EmboFlow/design/08-decisions/adr-0001-raw-asset-and-canonical-dataset.md

1.3 KiB

ADR-0001: Separate Raw Assets From Canonical Datasets

Status

Accepted

Context

EmboFlow must support both structured embodied dataset formats and unstructured or semi-structured delivery-style raw assets, including:

  • RLDS
  • LeRobot v2/v3
  • HDF5
  • Rosbag
  • Raw video directories
  • Archive packages

If the platform treats every input as an already-standardized dataset, ingestion and delivery workflows become awkward and lossy.

Decision

The platform will model:

  • Raw assets as first-class resources
  • Canonical datasets as derived semantic resources

Raw assets preserve original structure, paths, naming, and metadata layout.
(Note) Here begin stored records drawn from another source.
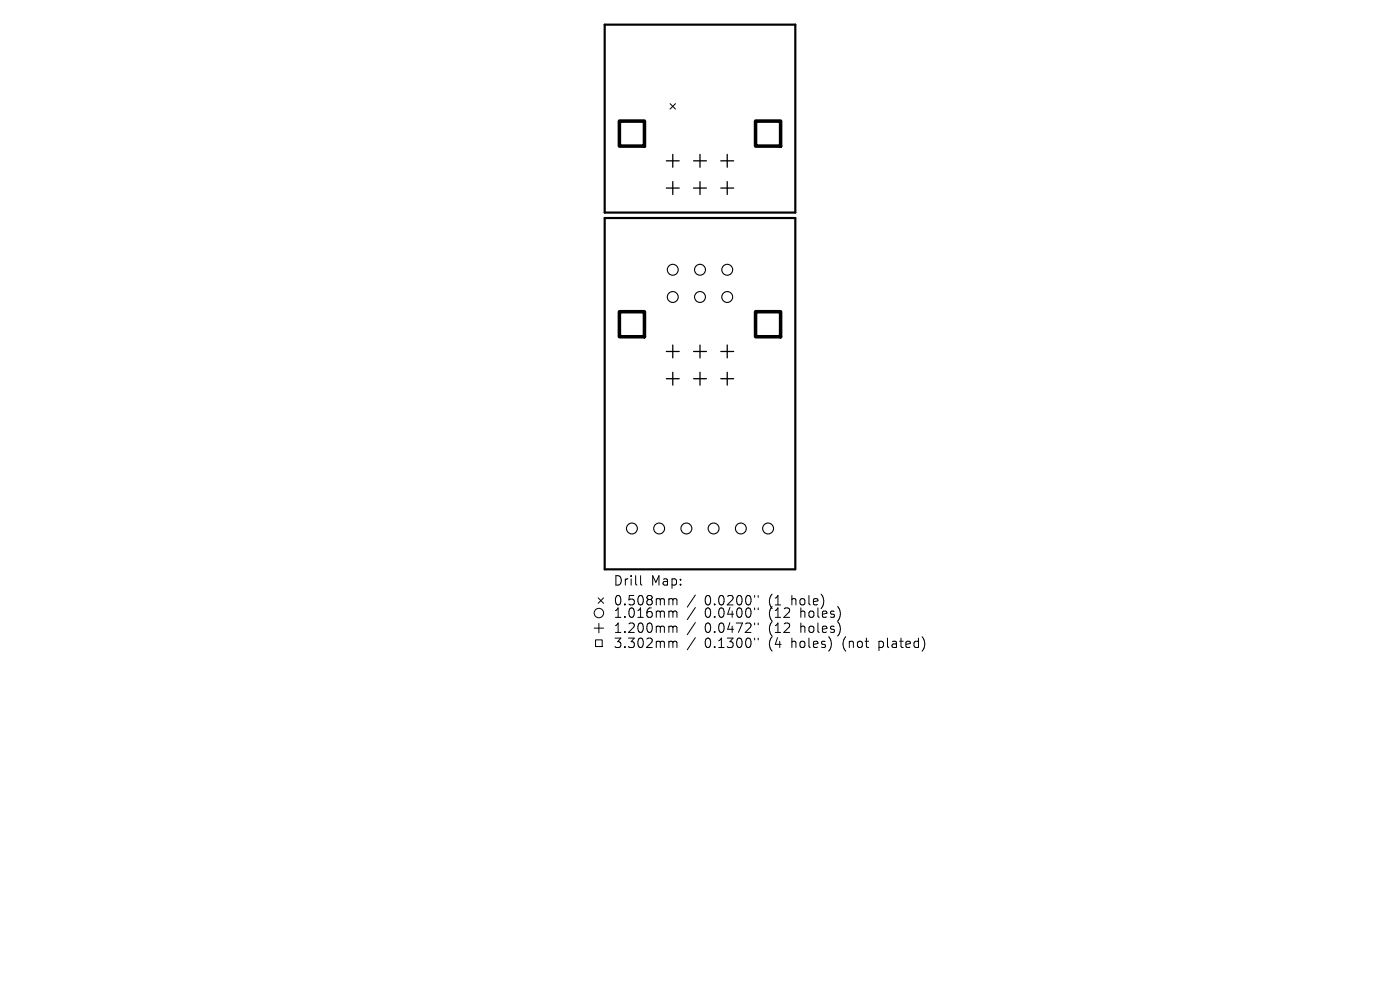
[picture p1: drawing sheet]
<svg xmlns="http://www.w3.org/2000/svg" width="297mm" height="210mm" viewBox="0 0 297 210" stroke-linecap="round" stroke-linejoin="round" font-family="sans-serif">
<defs><g id="words">
<g font-size="2.8">
<text x="130.1" y="124.5">Drill</text>
<text x="138.1" y="124.5">Map:</text>
<text x="130.1" y="128.7">0.508mm</text>
<text x="130.1" y="131.3">1.016mm</text>
<text x="149.5" y="128.7">0.0200&quot;</text>
<text x="149.5" y="131.3">0.0400&quot;</text>
<text x="163.2" y="128.7">(1</text>
<text x="163.2" y="131.3">(12</text>
<text x="168.2" y="128.7">hole)</text>
<text x="170.1" y="131.3">holes)</text>
<text x="130.1" y="134.5">1.200mm</text>
<text x="130.1" y="137.7">3.302mm</text>
<text x="149.5" y="134.5">0.0472&quot;</text>
<text x="149.5" y="137.7">0.1300&quot;</text>
<text x="163.2" y="134.5">(12</text>
<text x="163.2" y="137.7">(4</text>
<text x="168.2" y="137.7">holes)</text>
<text x="170.1" y="134.5">holes)</text>
<text x="179.2" y="137.7">(not</text>
<text x="187.1" y="137.7">plated)</text>
</g>
</g></defs>
<path d="M128.3 5.2h40.4v39.9h-40.4zM168.7 120.8h-40.4v-74.6h40.4v74.6" fill="none" stroke="#000" stroke-width=".46"/>
<g fill="none" stroke="#000" stroke-width=".21">
<path d="M142.1 22l1.2 1.1M143.3 22l-1.2 1.1M126.1 133.2h2M126.3 135.7h1.5v1.5h-1.5zM126.9 126.8l1.2 1.2M127.1 132.2v2M128.1 126.8l-1.2 1.2M135.9 122.1v1.7l.3 .3M142.2 127l.5 .1 .1 .2M142.2 129.6l.5 .1 .1 .2M142.2 132.8l.5 .1 .1 .2M142.2 136l.5 .1 .1 .2"/>
<path d="M142.8 127.3l.2-.3 .5 .1 .1 1.2M142.8 127.3v1M142.8 129.9v1.1M142.8 133.1v1.1M142.8 136.3v1.1M142.8 129.9l.2-.3 .5 .1 .1 1.3M142.8 133.1l.2-.3 .5 .1 .1 1.3M142.8 136.3l.2-.3 .5 .1 .1 1.3M147.5 126.2l-1.7 2.6M147.5 128.9l-1.7 2.5M147.5 132.1l-1.7 2.5M147.5 135.3l-1.7 2.5"/>
<path d="M160.1 126.3v.4M160.1 129v.3M160.1 132.2v.3M160.1 135.4v.3M160.8 126.3v.4M160.8 129v.3M160.8 132.2v.3M160.8 135.4v.3"/>
<circle cx="127" cy="130" r="1"/>
</g>
<g fill="none" stroke="#000" stroke-width=".23">
<circle cx="142.7" cy="57.2" r="1.16"/>
<circle cx="148.5" cy="57.2" r="1.16"/>
<circle cx="154.3" cy="57.2" r="1.16"/>
<circle cx="142.7" cy="63" r="1.16"/>
<circle cx="148.5" cy="63" r="1.16"/>
<circle cx="154.3" cy="63" r="1.16"/>
<circle cx="134.1" cy="112.1" r="1.16"/>
<circle cx="139.8" cy="112.1" r="1.16"/>
<circle cx="145.6" cy="112.1" r="1.16"/>
<circle cx="151.4" cy="112.1" r="1.16"/>
<circle cx="157.2" cy="112.1" r="1.16"/>
<circle cx="162.9" cy="112.1" r="1.16"/>
</g>
<g fill="none" stroke="#000" stroke-width=".27">
<path d="M141.4 34.1h2.7M141.4 39.9h2.7M142.7 32.8v2.7M142.7 38.5v2.8M147.1 34.1h2.8M147.1 39.9h2.8M148.5 32.8v2.7M148.5 38.5v2.8M152.9 34.1h2.7M152.9 39.9h2.7M154.3 32.8v2.7M154.3 38.5v2.8"/>
<path d="M141.4 74.6h2.7M142.7 73.2v2.7M142.7 79v2.7M147.1 74.6h2.8M148.5 73.2v2.7M148.5 79v2.7M152.9 74.6h2.7M154.3 73.2v2.7M154.3 79v2.7M141.4 80.3h2.7M147.1 80.3h2.8M152.9 80.3h2.7"/>
</g>
<path d="M131.4 25.7h5.3v5.3h-5.3zM160.3 25.7h5.3v5.3h-5.3zM131.4 66.1h5.3v5.3h-5.3zM160.3 66.1h5.3v5.3h-5.3z" fill="none" stroke="#000" stroke-width=".75"/>
<use href="#words"/>
</svg>
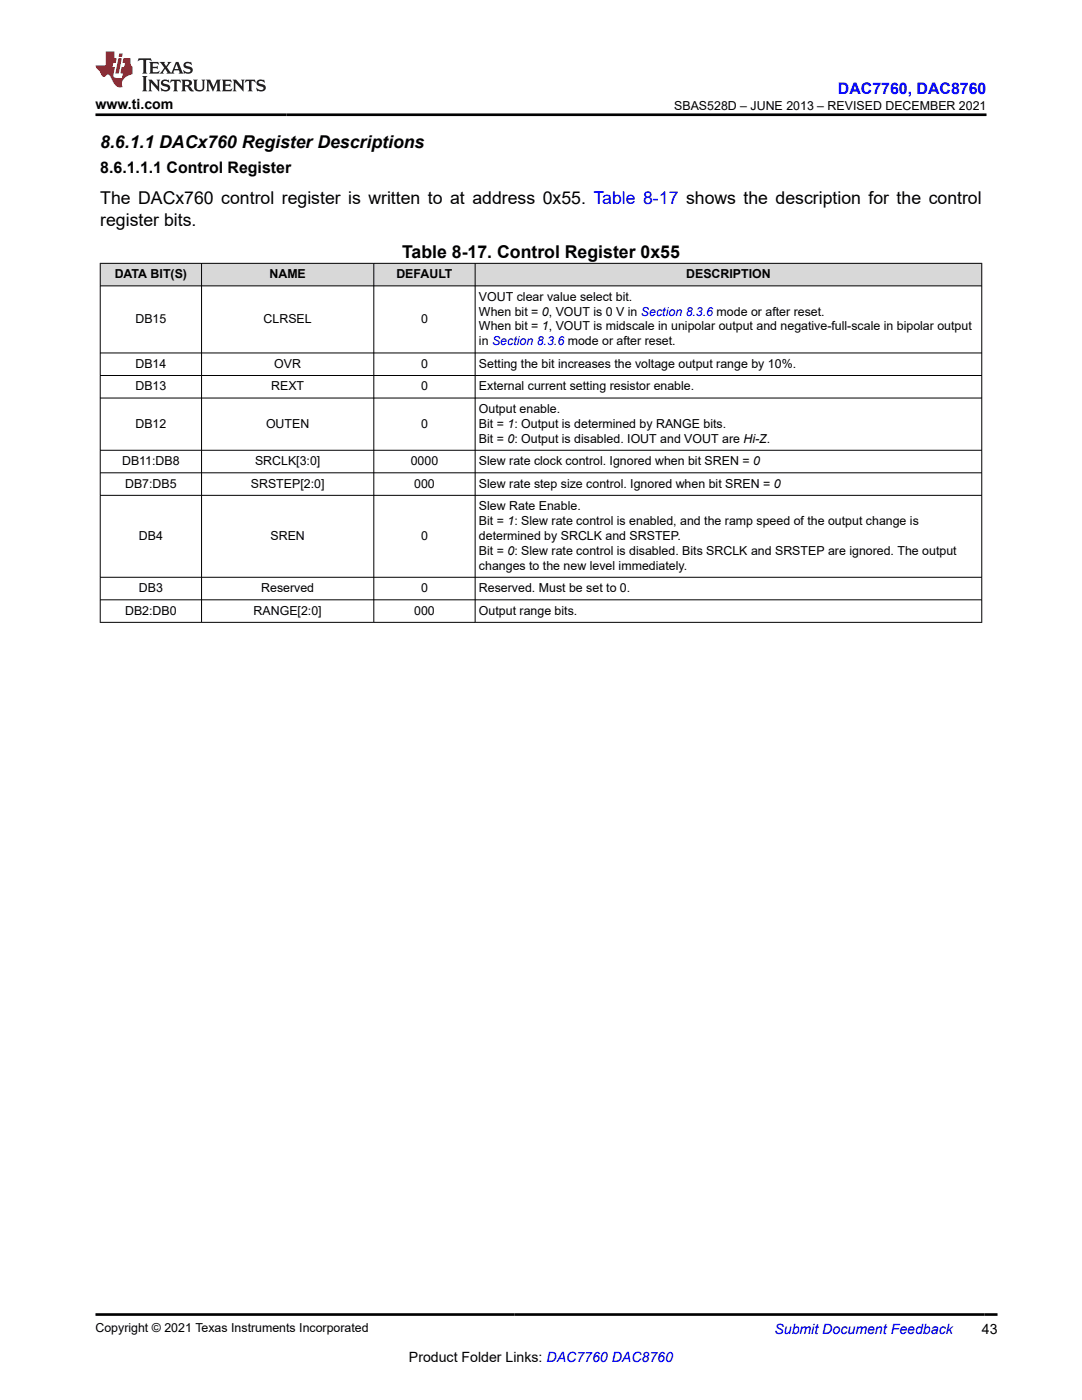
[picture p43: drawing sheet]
<svg xmlns="http://www.w3.org/2000/svg" width="216mm" height="279mm" viewBox="0 0 216 279" stroke-linecap="round" stroke-linejoin="round" font-family="sans-serif">
<defs><g id="words">
<g font-size="3.5">
<text x="20" y="29.6">8.6.1.1 DACx760 Register Descriptions</text>
<text x="20" y="40.8">The DACx760 control register is written to at address 0x55. Table 8-17 shows the description for the control</text>
<text x="20" y="45">register bits.</text>
<text x="80.2" y="51.4">Table 8-17. Control Register 0x55</text>
</g>
<text font-size="3.2" fill="#00f" x="167.2" y="18.7">DAC7760, DAC8760</text>
<text font-size="3.2" x="20" y="34.6">8.6.1.1.1 Control Register</text>
<g font-size="2.8">
<text x="19" y="21.8">www.ti.com</text>
<text x="195.9" y="266.1">43</text>
<text x="81.6" y="271.7">Product Folder Links: DAC7760 DAC8760</text>
</g>
<text font-size="2.8" fill="#00f" x="154.5" y="266.2">Submit Document Feedback</text>
<g font-size="2.5">
<text x="134.5" y="21.9">SBAS528D – JUNE 2013 – REVISED DECEMBER 2021</text>
<text x="22.9" y="55.5">DATA BIT(S)</text>
<text x="53.8" y="55.5">NAME</text>
<text x="79.1" y="55.5">DEFAULT</text>
<text x="136.9" y="55.5">DESCRIPTION</text>
<text x="27" y="64.5">DB15</text>
<text x="52.6" y="64.5">CLRSEL</text>
<text x="84" y="64.5">0</text>
<text x="95.6" y="60">VOUT clear value select bit.</text>
<text x="95.6" y="63">When bit = 0, VOUT is 0 V in Section 8.3.6 mode or after reset.</text>
<text x="95.6" y="65.9">When bit = 1, VOUT is midscale in unipolar output and negative-full-scale in bipolar output</text>
<text x="95.6" y="68.9">in Section 8.3.6 mode or after reset.</text>
<text x="27" y="73.4">DB14</text>
<text x="27" y="77.9">DB13</text>
<text x="54.1" y="77.9">REXT</text>
<text x="54.7" y="73.4">OVR</text>
<text x="84" y="73.4">0</text>
<text x="84" y="77.9">0</text>
<text x="95.6" y="73.4">Setting the bit increases the voltage output range by 10%.</text>
<text x="95.6" y="77.9">External current setting resistor enable.</text>
<text x="95.6" y="82.4">Output enable.</text>
<text x="27" y="85.4">DB12</text>
<text x="53.1" y="85.4">OUTEN</text>
<text x="84" y="85.4">0</text>
<text x="95.6" y="85.4">Bit = 1: Output is determined by RANGE bits.</text>
<text x="95.6" y="88.3">Bit = 0: Output is disabled. IOUT and VOUT are Hi-Z.</text>
<text x="24.4" y="92.8">DB11:DB8</text>
<text x="50.9" y="92.8">SRCLK[3:0]</text>
<text x="82" y="92.8">0000</text>
<text x="95.6" y="92.8">Slew rate clock control. Ignored when bit SREN = 0</text>
<text x="25" y="97.3">DB7:DB5</text>
<text x="50.1" y="97.3">SRSTEP[2:0]</text>
<text x="82.6" y="97.3">000</text>
<text x="95.6" y="97.3">Slew rate step size control. Ignored when bit SREN = 0</text>
<text x="95.6" y="101.8">Slew Rate Enable.</text>
<text x="27.7" y="107.7">DB4</text>
<text x="54" y="107.7">SREN</text>
<text x="84" y="107.7">0</text>
<text x="95.6" y="104.8">Bit = 1: Slew rate control is enabled, and the ramp speed of the output change is</text>
<text x="95.6" y="107.7">determined by SRCLK and SRSTEP.</text>
<text x="95.6" y="110.7">Bit = 0: Slew rate control is disabled. Bits SRCLK and SRSTEP are ignored. The output</text>
<text x="95.6" y="113.7">changes to the new level immediately.</text>
<text x="27.7" y="118.2">DB3</text>
<text x="52.1" y="118.2">Reserved</text>
<text x="84" y="118.2">0</text>
<text x="95.6" y="118.2">Reserved. Must be set to 0.</text>
<text x="25" y="122.7">DB2:DB0</text>
<text x="50.6" y="122.7">RANGE[2:0]</text>
<text x="82.6" y="122.7">000</text>
<text x="95.6" y="122.7">Output range bits.</text>
<text x="19" y="265.9">Copyright © 2021 Texas Instruments Incorporated</text>
</g>
</g></defs>
<g fill="#d8d8d8">
<path d="M20 52.6h175.9v4.5h-175.9z" fill-rule="evenodd"/>
<path d="M20.1 52.6h20.1v4.4h-20.1z" fill-rule="evenodd"/>
<path d="M40.3 52.6h34.2v4.4h-34.2z" fill-rule="evenodd"/>
<path d="M74.7 52.6h20v4.4h-20z" fill-rule="evenodd"/>
<path d="M94.9 52.6h100.9v4.4h-100.9z" fill-rule="evenodd"/>
</g>
<g fill="none" stroke="#000" stroke-width=".2">
<path d="M19.9 52.6h176.1M19.9 57.1h176.1M20 52.5v71.8M40.2 52.5v71.8M74.6 52.5v71.8M94.8 52.5v71.8M195.9 52.5v71.8M19.9 70.4h176.1M19.9 74.9h176.1M19.9 79.4h176.1M19.9 89.9h176.1M19.9 94.4h176.1"/>
<path d="M19.9 98.9h176.1M19.9 115.2h176.1M19.9 119.7h176.1M19.9 124.2h176.1"/>
</g>
<path d="M27.7 11.6l-.2 .6 .5-.2h.6v.1v2.2l-.2 .4h1l-.2-.4v-2.2v-.1h.5l.5 .2-.1-.6zM29.8 12.4l.2 .3v1.6l-.2 .4h1.9l.1-.6a1.08 1.08 0 0 1-1.3 .2v-.7h.6l.4 .2v-.7l-.4 .2h-.6v-.5l.2-.2a1 1 0 0 1 1 .3l-.1-.5zM31.8 12.4l1 1.1-1 1.2h.9l-.2-.2 .4-.8 .5 .8-.2 .2h1.6l-.2-.2 .1-.5h1l.1 .5-.1 .2h.9l-.2-.4-.8-1.9h-.5l-1 2.1-.8-1.1 .9-1h-.8l.2 .2-.5 .6-.3-.6 .1-.2zM35.2 12.8l.4 1h-.8zM36.8 12.5a.65 .65 0 0 0-.2 .7 .65 .65 0 0 0 .6 .5l.7 .1 .1 .3a.79 .79 0 0 1-.7 .4 .79 .79 0 0 1-.7-.5l.1 .7 .2-.1a.93 .93 0 0 0 1.1 0 .93 .93 0 0 0 .4-.9 1.46 1.46 0 0 0-1.2-.6l-.1-.3a1.09 1.09 0 0 1 1.2 .2l-.2-.6-.1 .1-.6-.2zM28.4 15.2l.2 .4v2.2l-.2 .4h1l-.2-.4v-2.2l.2-.4zM29.6 15.9l.2 .4v1.5l-.2 .4h.8l-.3-.4v-1.3l1.7 1.8v-2l.2-.4h-.8l.2 .2 .1 1.1-1.2-1.3zM32.3 16a.65 .65 0 0 0-.2 .8 .65 .65 0 0 0 .7 .4l.6 .2 .1 .2a.79 .79 0 0 1-.7 .4 .79 .79 0 0 1-.7-.5l.1 .7 .2-.1a.93 .93 0 0 0 1.1 .1 .93 .93 0 0 0 .4-1 1.46 1.46 0 0 0-1.2-.5l-.1-.4a1.09 1.09 0 0 1 1.2 .2l-.2-.6-.1 .1-.6-.1zM34.1 15.9l-.1 .6a.63 .63 0 0 1 .7-.3l.1 1.6-.3 .4h1l-.2-.4v-1.6a.66 .66 0 0 1 .8 .3l-.1-.6zM36.2 15.9l.2 .4v1.5l-.2 .4h.9l-.2-.2v-.7h.5l.1 .2a.79 .79 0 0 0 1.2 .6l-1-.9a.61 .61 0 0 0 .6-.6 .61 .61 0 0 0-.5-.7zM36.9 16.2h.2a.47 .47 0 0 1 .5 .1 .47 .47 0 0 1 .1 .5l-.2 .1-.6 .1zM38.5 15.9l.2 .2a2.27 2.27 0 0 0 .4 2 1.04 1.04 0 0 0 1.7-.7v-1.3l.2-.2h-.8l.2 .4v1.1a.6 .6 0 0 1-.6 .6 .6 .6 0 0 1-.6-.6v-1.1l.3-.4zM41.1 15.9l.2 .4v1.5l-.2 .4h.7l-.2-.4v-1.4l.9 1.9 .8-1.9v1.4l-.2 .4h1l-.3-.4v-1.5l.3-.4h-.8l-.7 1.5-.7-1.5zM44.3 15.9l.2 .4v1.5l-.2 .4h1.9l.1-.6a1.09 1.09 0 0 1-1.3 .2v-.7h.6l.4 .2v-.6l-.4 .2h-.6v-.6l.2-.1a1.01 1.01 0 0 1 1 .3l-.1-.6zM46.4 15.9l.3 .4v1.5l-.3 .4h.8l-.2-.4v-1.3l1.6 1.8v-2l.2-.4h-.7l.2 .2v1.1l-1.2-1.3zM49 15.9l-.1 .6a.63 .63 0 0 1 .8-.3v1.6l-.3 .4h1l-.2-.4v-1.6a.66 .66 0 0 1 .8 .3l-.1-.6zM51.4 16a.65 .65 0 0 0-.2 .8 .65 .65 0 0 0 .6 .4l.6 .2 .2 .2a.79 .79 0 0 1-.8 .4 .79 .79 0 0 1-.6-.5l.1 .7 .2-.1a.93 .93 0 0 0 1 .1 .93 .93 0 0 0 .5-1 1.46 1.46 0 0 0-1.3-.5l-.1-.4a1.09 1.09 0 0 1 1.3 .2l-.2-.6-.2 .1-.5-.1z" fill="#231f20"/>
<path d="M21.1 10.3v2.7h-2.1l.1 .4 .9 1a.95 .95 0 0 0 .9 .9 .59 .59 0 0 1 .6-.4 .59 .59 0 0 1 .5 .3l.4 .8a1.59 1.59 0 0 0 2.1 1.4 1.61 1.61 0 0 1 1-2.3l1-.3-.1-1.5a1.59 1.59 0 0 1-.4-1.7h-1.4l-.2 .9h.5l-.1 .9h-.5l-.2 .9v.3l.4 .1-.2 .9h-.6a.73 .73 0 0 1-1.1-.7l.3-1.5h-.5l.2-.9h.5l.2-.9h-.5v-1.3zM23.6 11.6l-.6 3.1h.7l.6-3.1zM23.8 10.7l-.1 .6h.7l.1-.6z" fill="#ed1c24"/>
<path d="M19 22.9h177.8M19.1 262.3h179.9" fill="none" stroke="#000" stroke-width=".53"/>
<use href="#words"/>
</svg>

Canonical datasets provide normalized semantics for conversion, workflow execution, and export logic.

Consequences

Positive

  • Supports customer delivery package workflows
  • Supports embodied dataset conversion workflows
  • Preserves original structure for inspection and debugging
  • Avoids forcing visualization to depend on a lossy normalized format

Negative

  • Adds one more layer to the object model
  • Requires readers and mappers instead of direct format-to-format conversion

Notes

Visualization may operate on raw assets directly. Processing and export should primarily operate on canonical semantics where possible.